▶ **WHAT YOU WILL DO**
If a line in the entries contains the string "Pacific", include that line in your answer.

(Collection entries)
▬▬▬
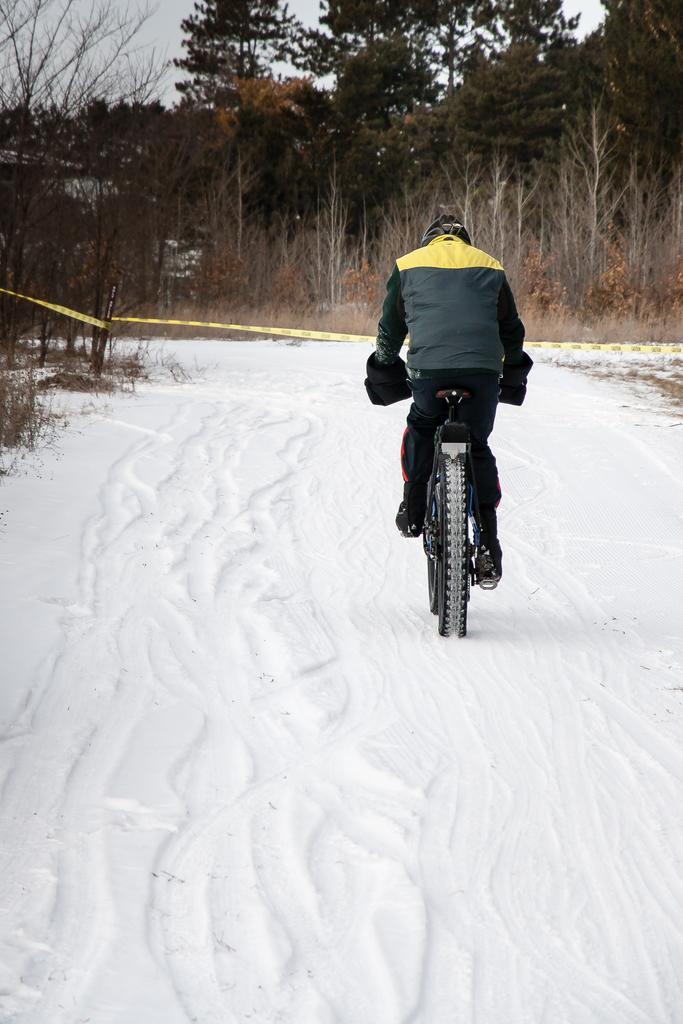Please provide a concise description of this image. In this image, we can see snow on the ground, there is a person riding a bicycle, there are some trees and at the top there is a sky. 
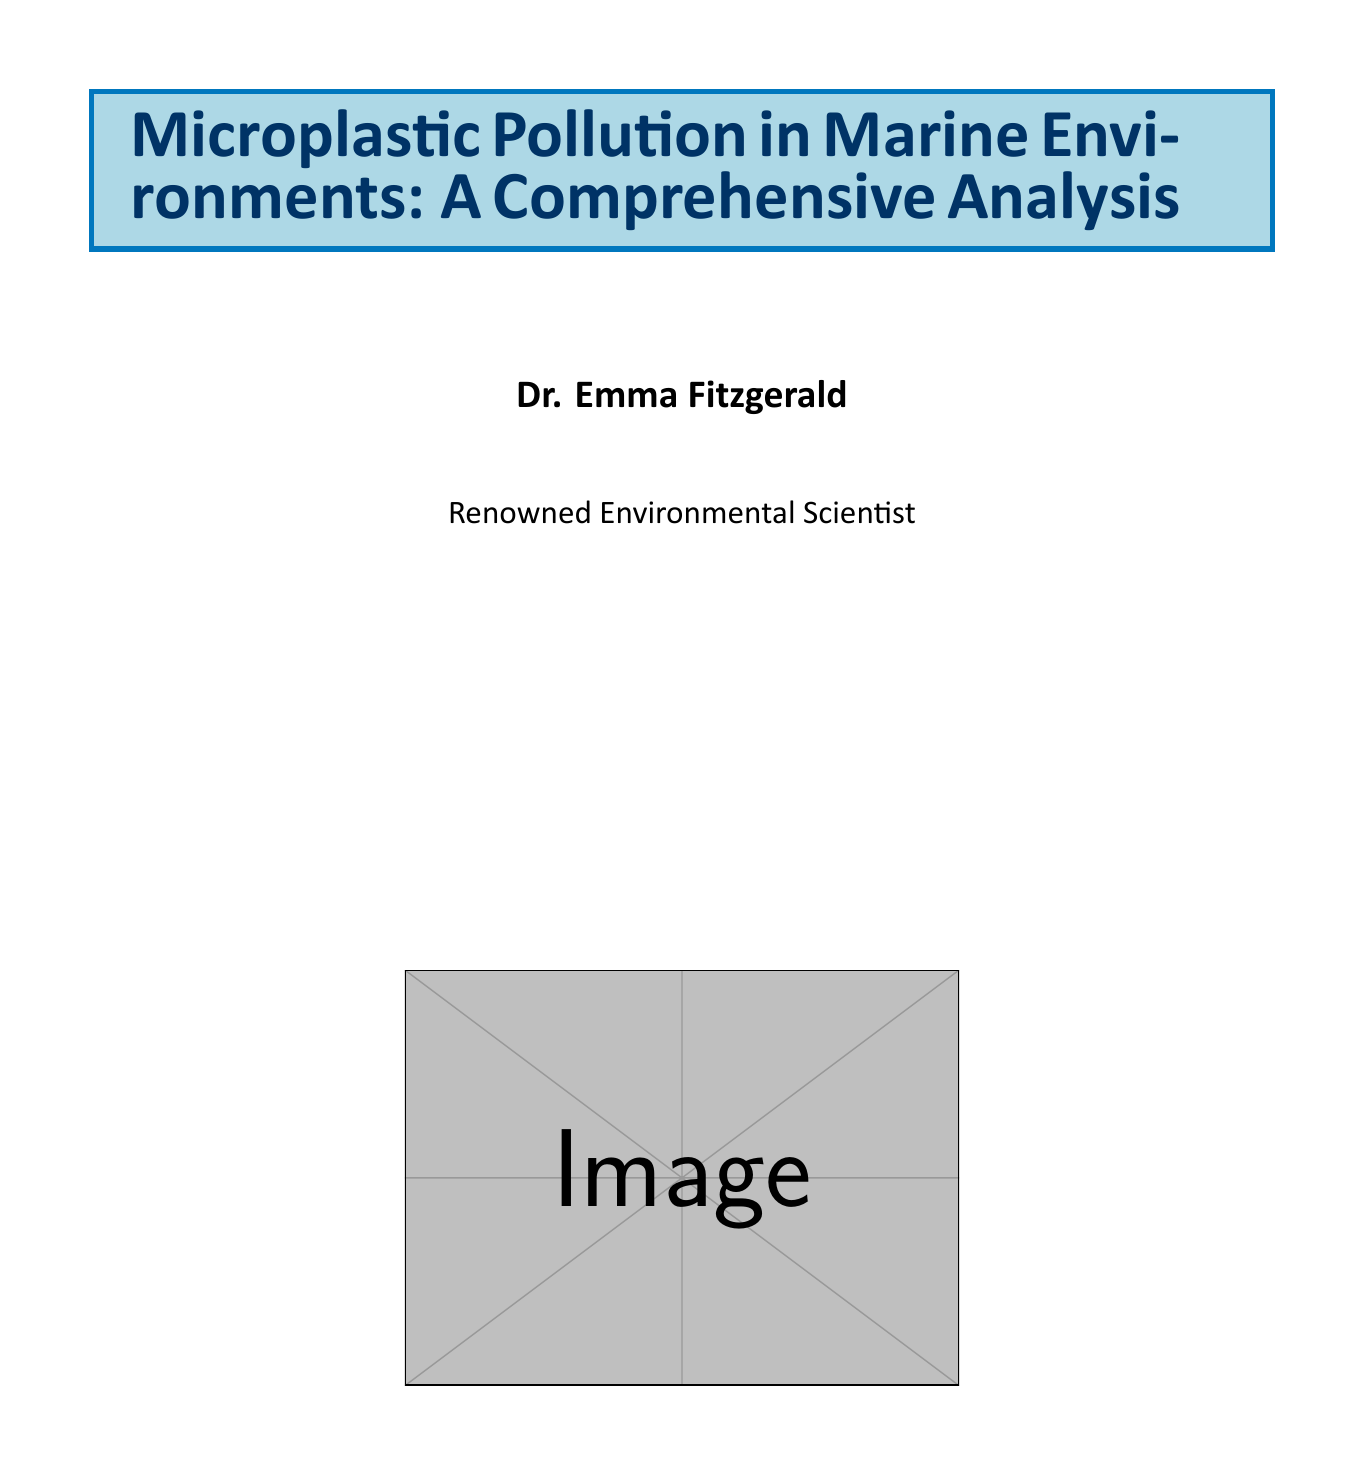What is the estimated amount of plastic entering the oceans annually? The document states that 8 million tons of plastic enter the oceans each year.
Answer: 8 million tons How many marine species are known to have encountered plastic debris? The report mentions that 700 species have encountered plastic debris in the oceans.
Answer: 700 species What are the two types of microplastics mentioned? The document identifies primary and secondary microplastics as the two types discussed.
Answer: Primary and secondary microplastics What is a significant industrial source of microplastic pollution? The report highlights plastic production facilities as a notable source of microplastic pollution.
Answer: Plastic production facilities Which ocean has large accumulations of microplastics observed? The study mentions the Great Pacific Garbage Patch as a location of significant microplastic accumulation.
Answer: Great Pacific Garbage Patch What approach is necessary to preserve marine ecosystems according to the conclusion? The conclusion emphasizes that a multi-faceted approach involving various stakeholders is necessary for preserving marine ecosystems.
Answer: Multi-faceted approach What is one potential solution to microplastic pollution mentioned? The report discusses the implementation of bans on single-use plastics as a potential solution.
Answer: Bans on single-use plastics Which campaign aims to improve consumer awareness about plastic consumption? The document refers to the UNEP's Clean Seas campaign as an initiative for consumer education on plastic reduction.
Answer: UNEP's Clean Seas campaign 
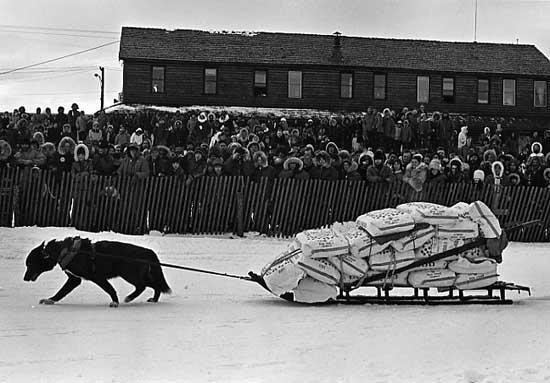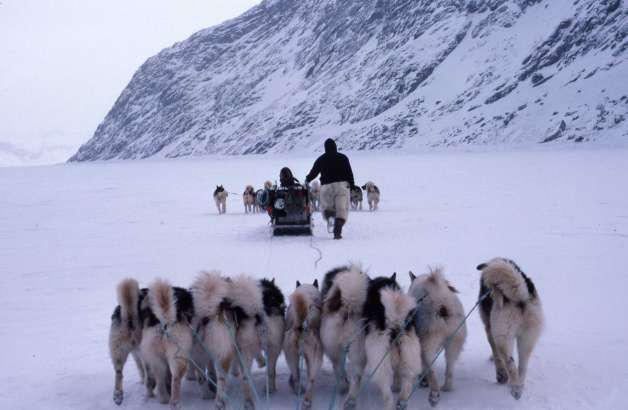The first image is the image on the left, the second image is the image on the right. Examine the images to the left and right. Is the description "There are more than four animals in harnesses." accurate? Answer yes or no. Yes. The first image is the image on the left, the second image is the image on the right. For the images shown, is this caption "The right image shows one person standing behind a small sled pulled by no more than two dogs and heading rightward." true? Answer yes or no. No. 
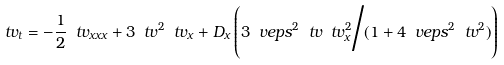<formula> <loc_0><loc_0><loc_500><loc_500>\ t v _ { t } = - \frac { 1 } { 2 } \ t v _ { x x x } + 3 \ t v ^ { 2 } \ t v _ { x } + D _ { x } \left ( { 3 \ v e p s ^ { 2 } \ t v \ t v _ { x } ^ { 2 } } \Big / { ( 1 + 4 \ v e p s ^ { 2 } \ t v ^ { 2 } ) } \right )</formula> 
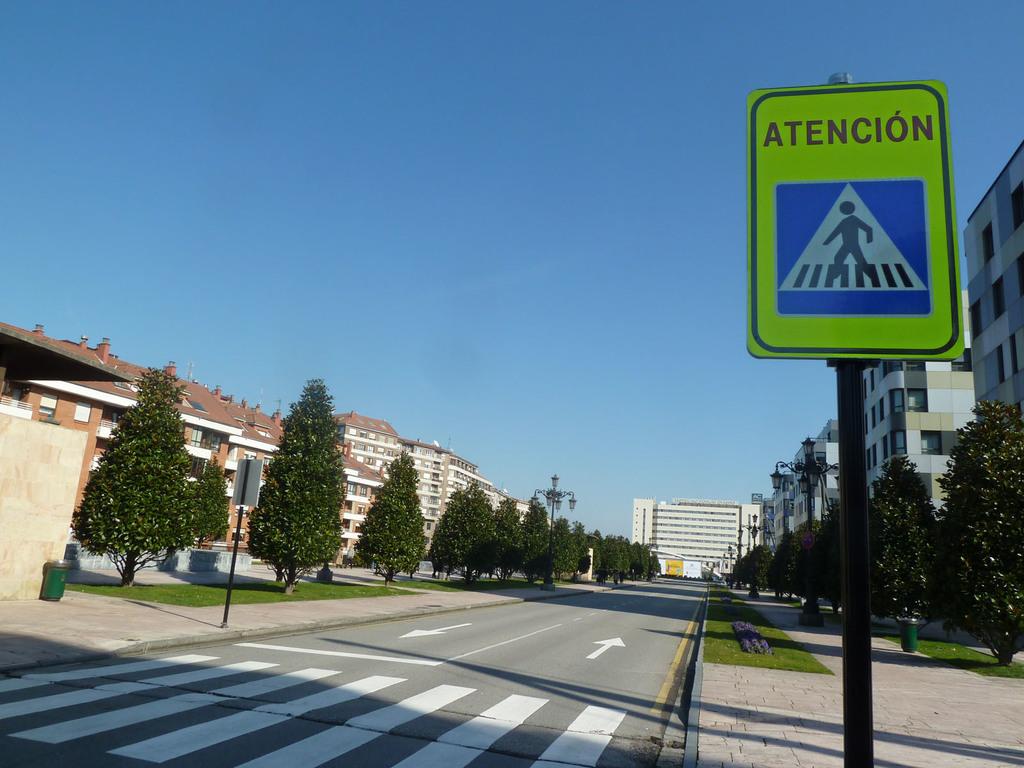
▬▬▬
▶ **YOUR SOLUTION**
Answer: Plastic production facilities Which ocean has large accumulations of microplastics observed? The study mentions the Great Pacific Garbage Patch as a location of significant microplastic accumulation.
Answer: Great Pacific Garbage Patch What approach is necessary to preserve marine ecosystems according to the conclusion? The conclusion emphasizes that a multi-faceted approach involving various stakeholders is necessary for preserving marine ecosystems.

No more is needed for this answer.